[Data records]
*** Block opens ***

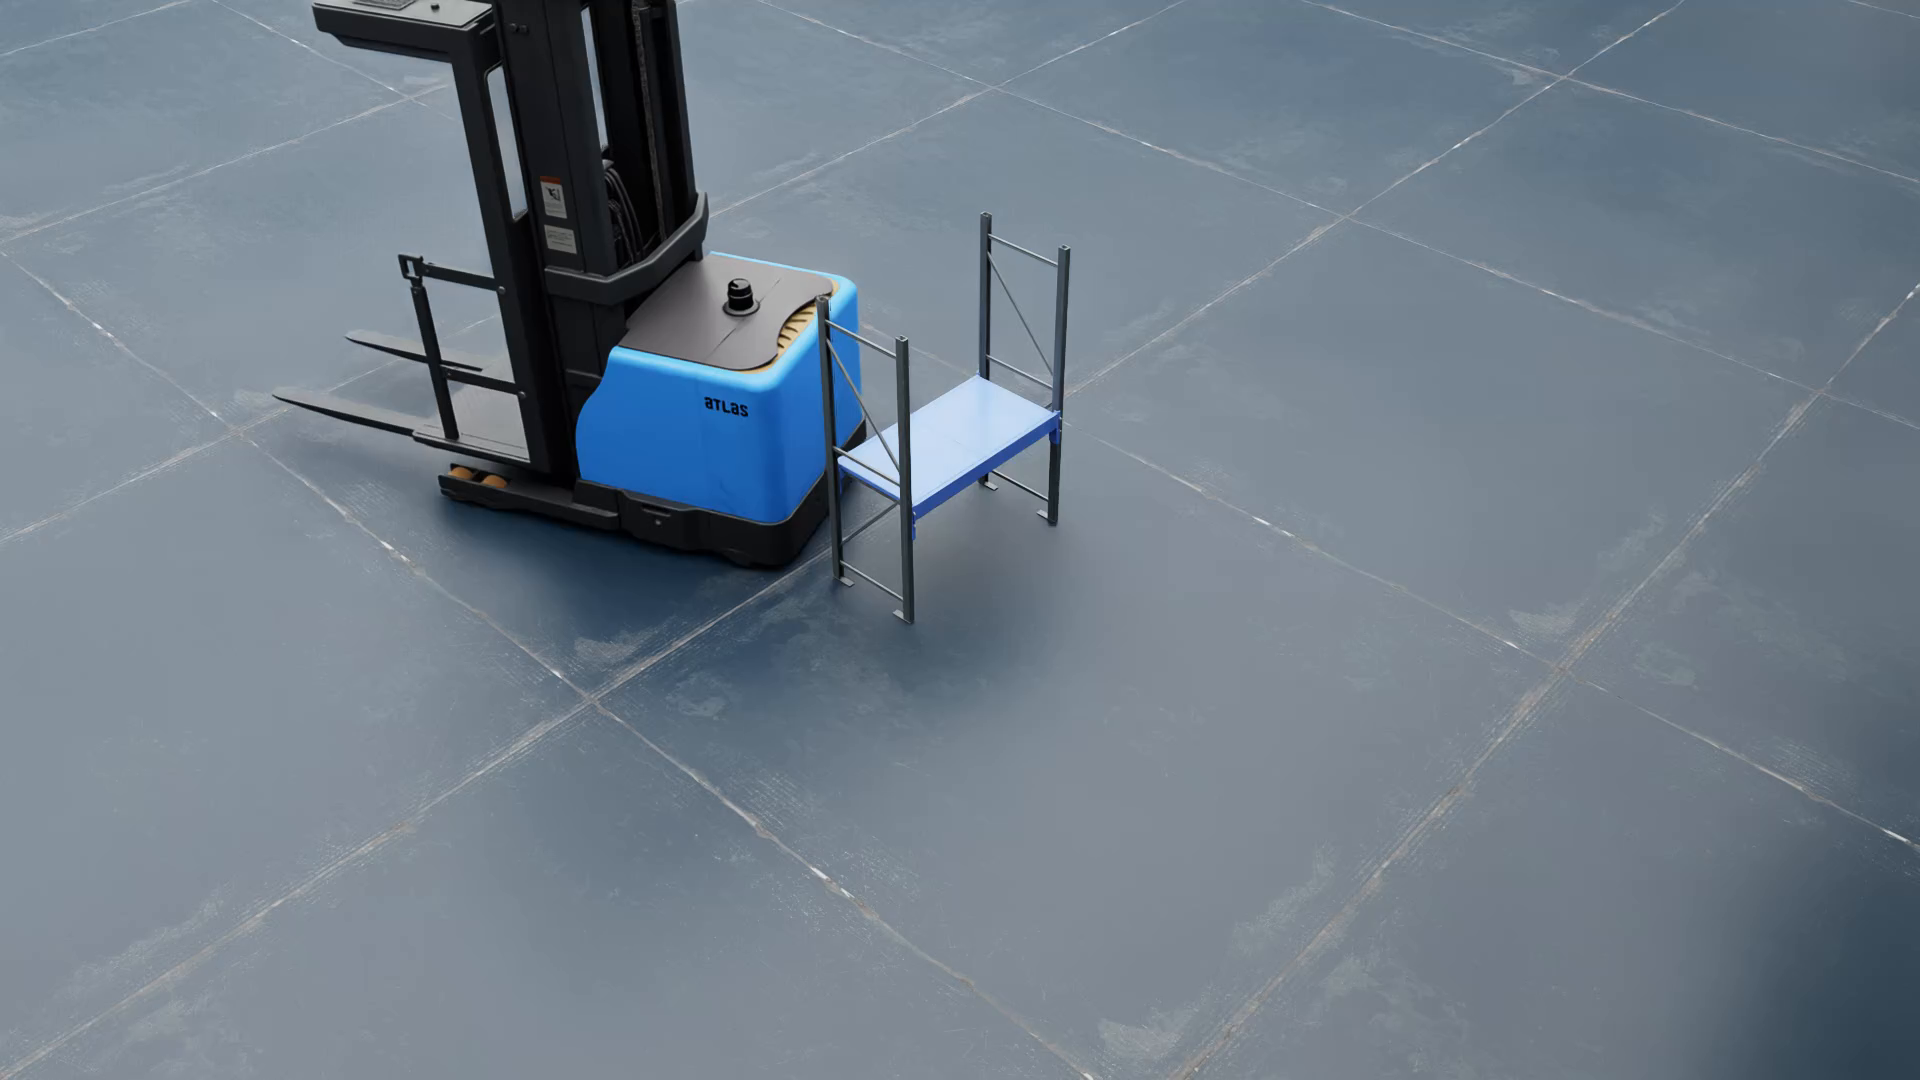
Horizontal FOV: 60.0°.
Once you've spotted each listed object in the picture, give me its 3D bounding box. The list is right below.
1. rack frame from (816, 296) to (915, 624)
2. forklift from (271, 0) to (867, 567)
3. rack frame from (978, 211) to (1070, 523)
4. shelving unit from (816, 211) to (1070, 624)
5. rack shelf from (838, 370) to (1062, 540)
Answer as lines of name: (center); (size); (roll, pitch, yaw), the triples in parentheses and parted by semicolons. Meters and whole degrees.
rack frame: (-0.400, -0.314, 7.224); (0.500, 1.500, 0.032); (30, 47, 32)
forklift: (-2.043, -1.592, 7.680); (3.031, 2.935, 1.130); (13, 40, 16)
rack frame: (0.285, -0.781, 7.811); (0.500, 1.500, 0.032); (30, 47, 32)
shelving unit: (-0.058, -0.548, 7.517); (0.538, 1.500, 1.048); (30, 47, 32)
rack shelf: (-0.058, -0.407, 7.629); (0.538, 0.185, 1.000); (30, 47, 32)
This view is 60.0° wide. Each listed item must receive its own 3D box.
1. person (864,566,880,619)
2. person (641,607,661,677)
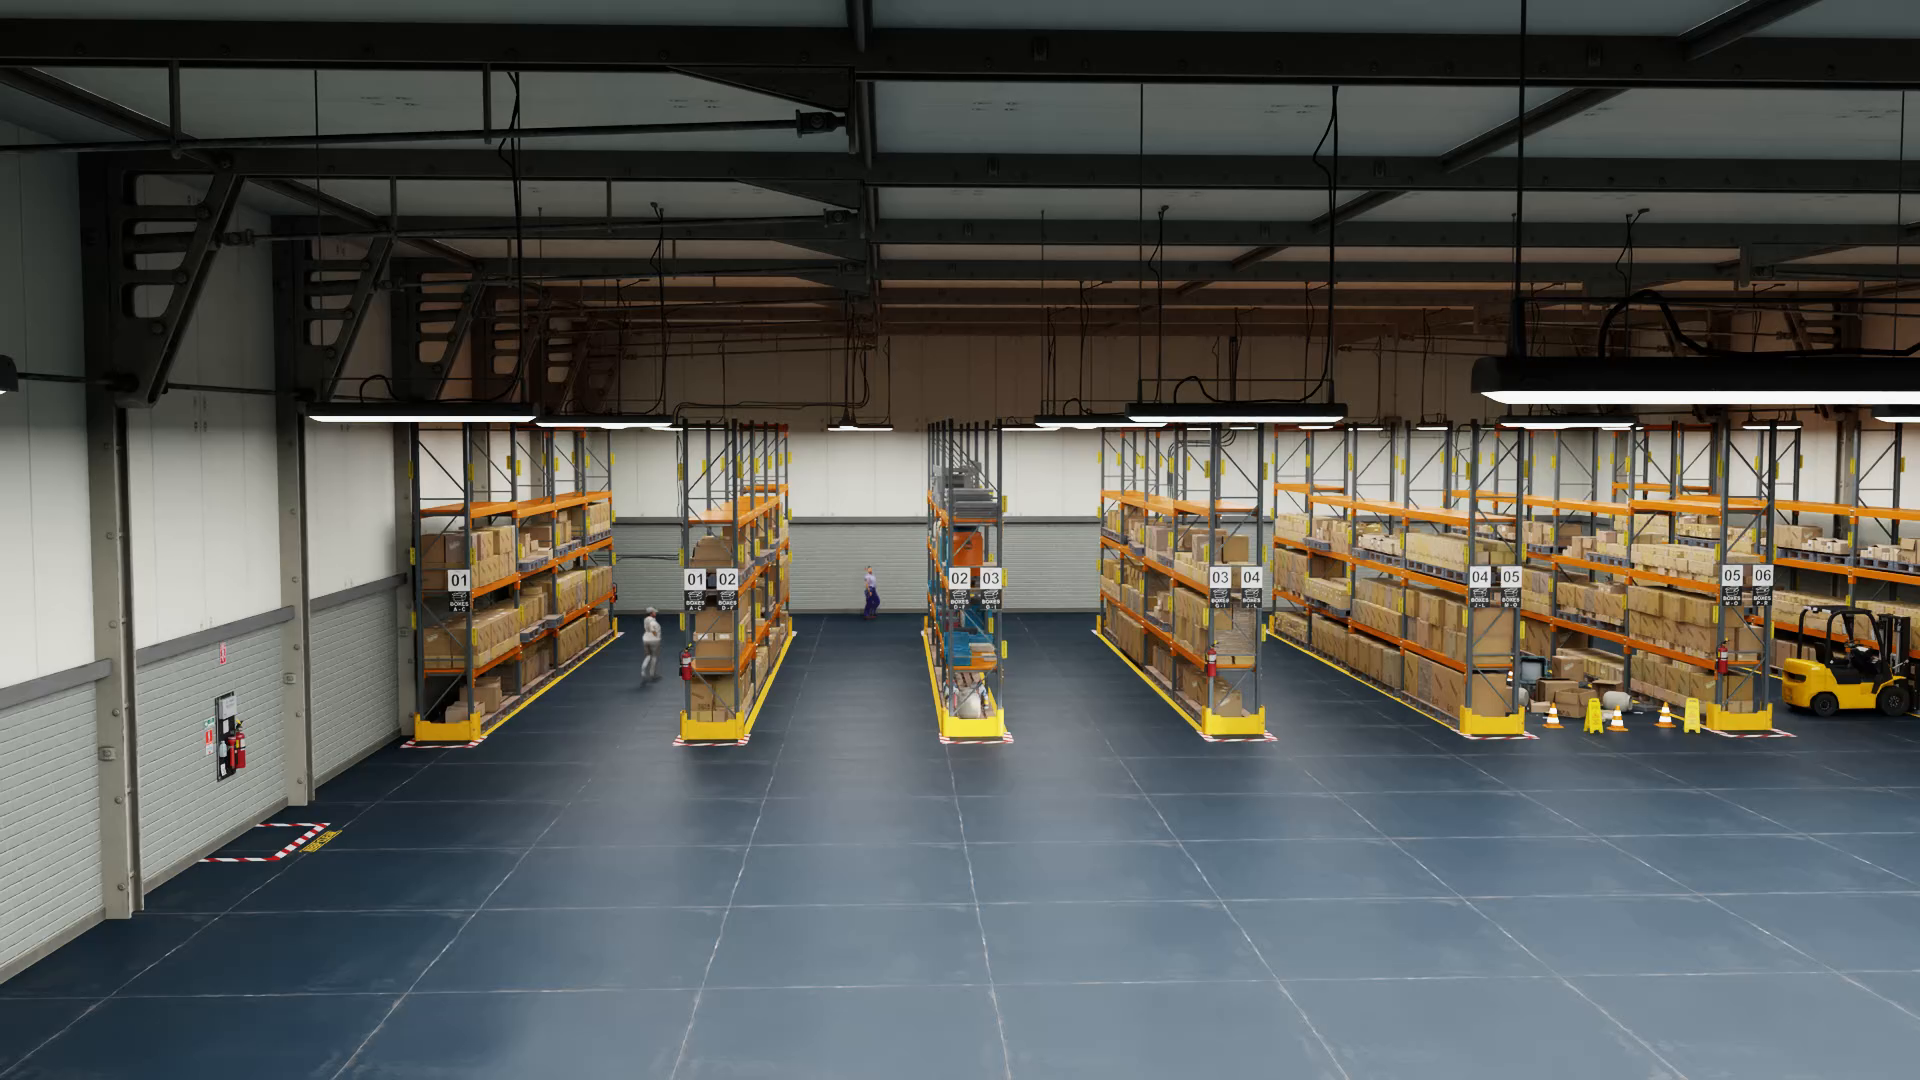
[{"bbox_3d":[-2.722,1.638,51.200,0.502,1.658,0.569,0,4,6],"label":"person"},{"bbox_3d":[-7.208,2.390,38.916,0.492,1.658,0.481,2,4,34],"label":"person"}]
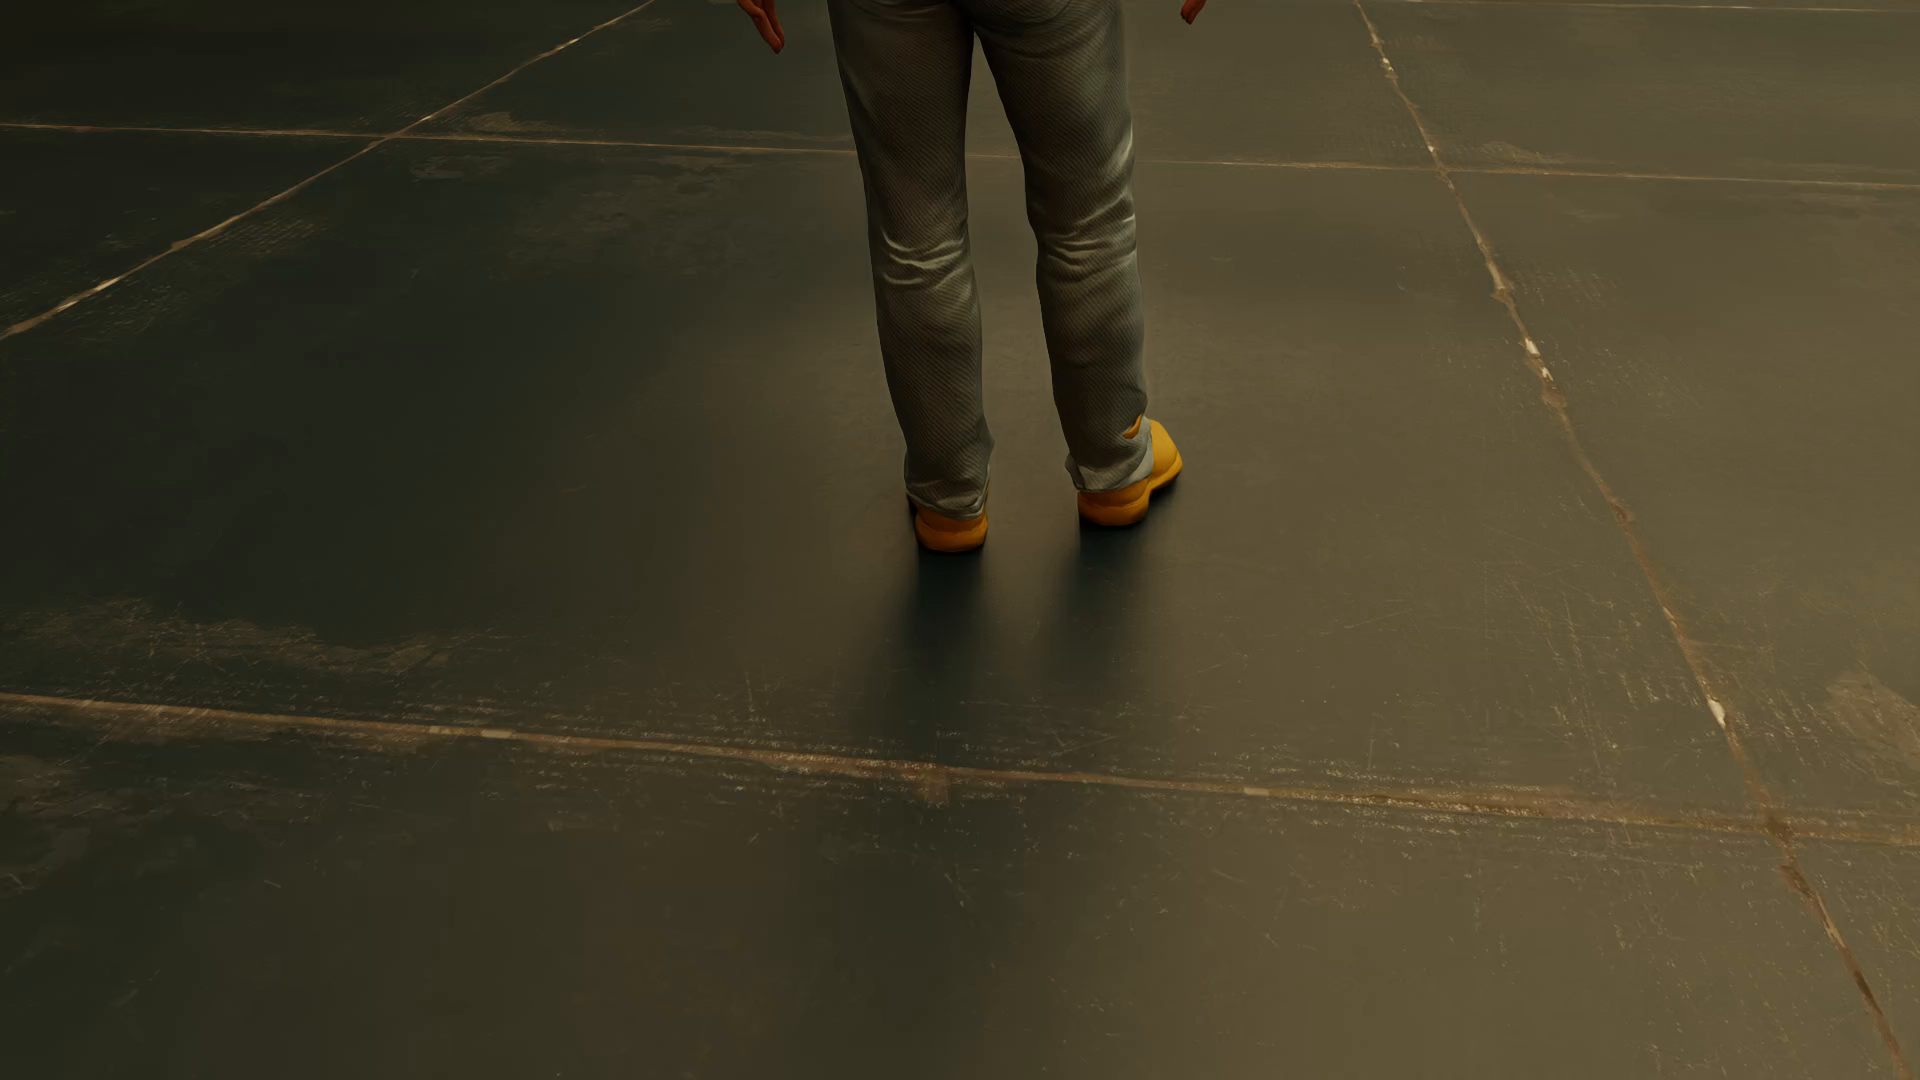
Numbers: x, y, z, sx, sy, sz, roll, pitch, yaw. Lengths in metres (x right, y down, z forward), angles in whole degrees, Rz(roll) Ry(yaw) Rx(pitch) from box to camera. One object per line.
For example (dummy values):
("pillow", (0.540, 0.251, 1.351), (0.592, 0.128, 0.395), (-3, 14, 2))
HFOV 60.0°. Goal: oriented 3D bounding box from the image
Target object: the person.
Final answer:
("person", (0.015, -0.827, 2.163), (0.665, 1.766, 0.576), (3, 27, 7))
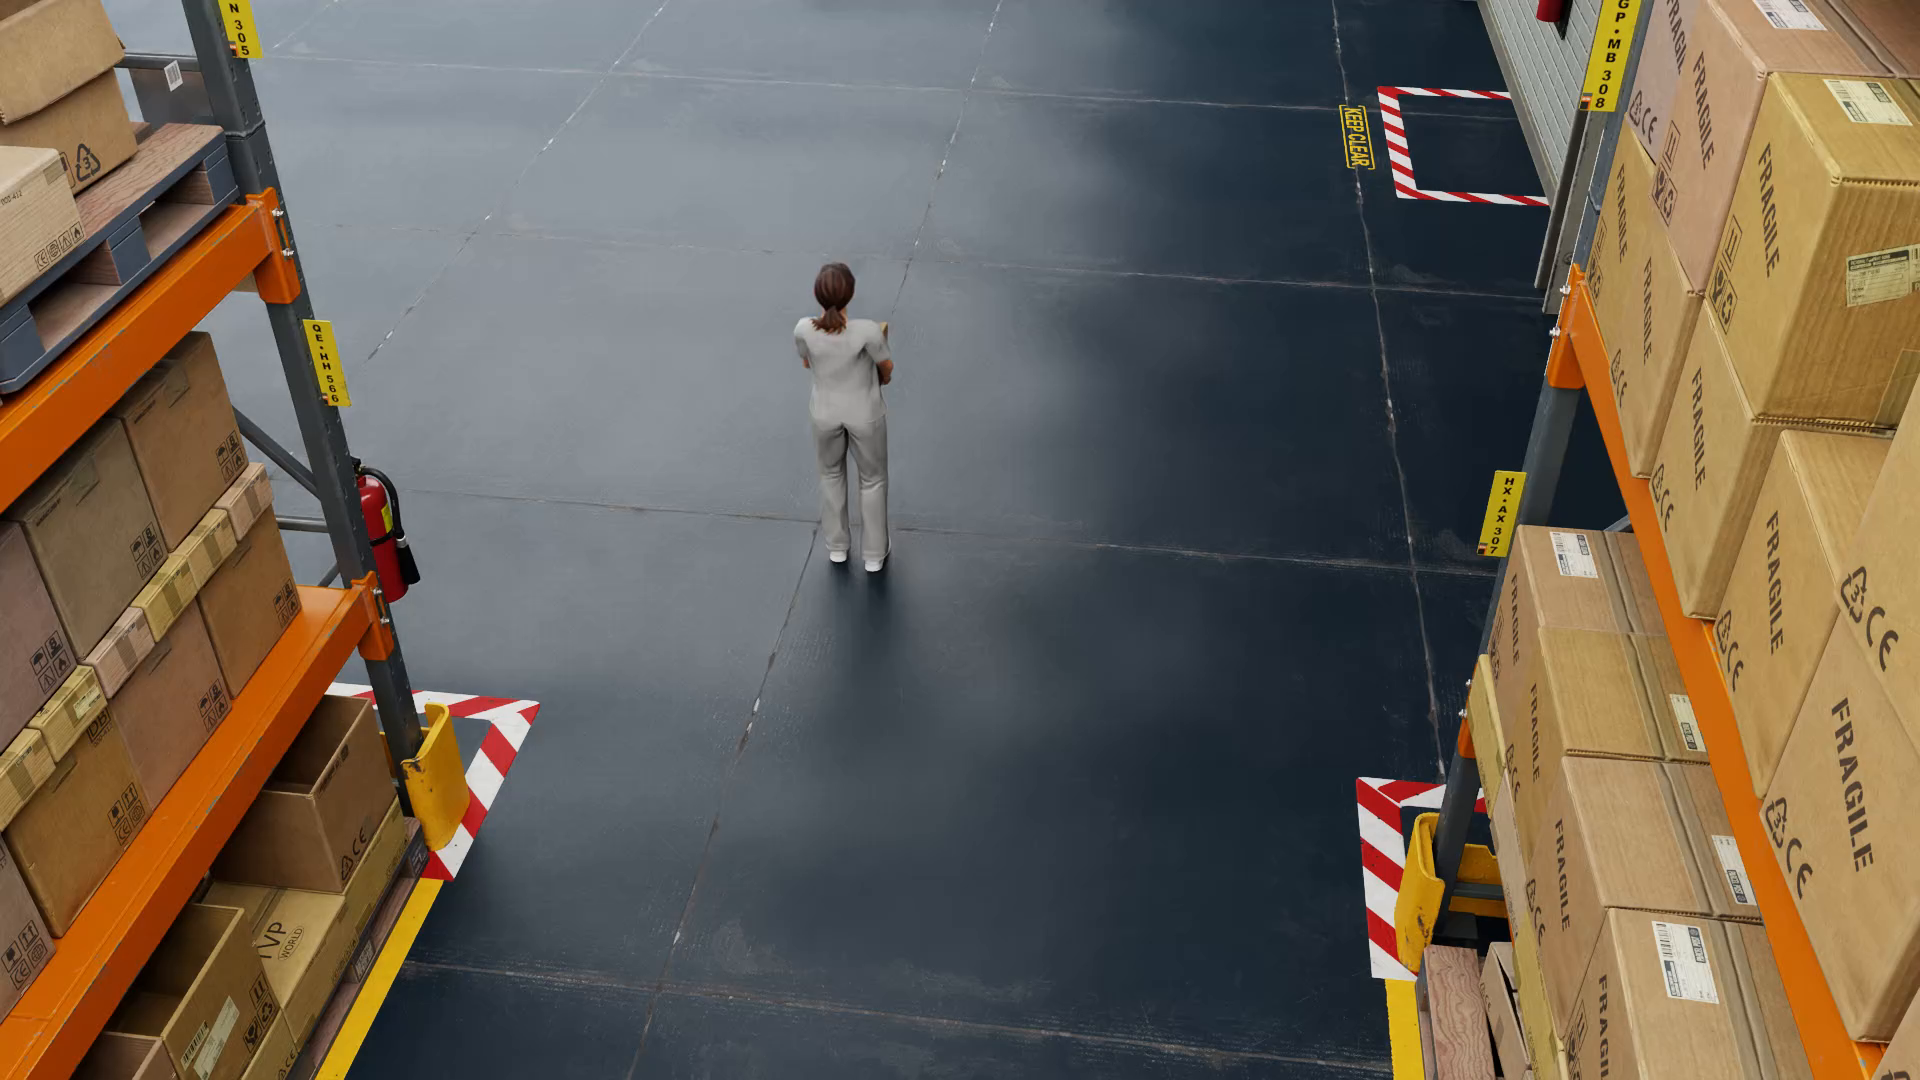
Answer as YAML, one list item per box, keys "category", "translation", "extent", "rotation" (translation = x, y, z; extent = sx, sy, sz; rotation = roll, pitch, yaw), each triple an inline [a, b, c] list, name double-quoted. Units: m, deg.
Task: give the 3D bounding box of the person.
- category: "person"
  translation: [-0.525, -0.616, 7.890]
  extent: [0.437, 1.662, 0.555]
  rotation: [5, 37, 7]

*** Block closes ***

• Task to carry out
Copy exactly, and copy nothing else: the lines from the start of the data above through the line that holds "This view is". The pictures stay out.

• Output for this exercise
Horizontal FOV: 60.0°.
Once you've spotted each listed object in the picture, give me its 3D bounding box. The list is right below.
1. rack frame from (816, 296) to (915, 624)
2. forklift from (271, 0) to (867, 567)
3. rack frame from (978, 211) to (1070, 523)
4. shelving unit from (816, 211) to (1070, 624)
5. rack shelf from (838, 370) to (1062, 540)
Answer as lines of name: (center); (size); (roll, pitch, yaw), the triples in parentheses and parted by semicolons. Meters and whole degrees.
rack frame: (-0.400, -0.314, 7.224); (0.500, 1.500, 0.032); (30, 47, 32)
forklift: (-2.043, -1.592, 7.680); (3.031, 2.935, 1.130); (13, 40, 16)
rack frame: (0.285, -0.781, 7.811); (0.500, 1.500, 0.032); (30, 47, 32)
shelving unit: (-0.058, -0.548, 7.517); (0.538, 1.500, 1.048); (30, 47, 32)
rack shelf: (-0.058, -0.407, 7.629); (0.538, 0.185, 1.000); (30, 47, 32)
This view is 60.0° wide. Each listed item must receive its own 3D box.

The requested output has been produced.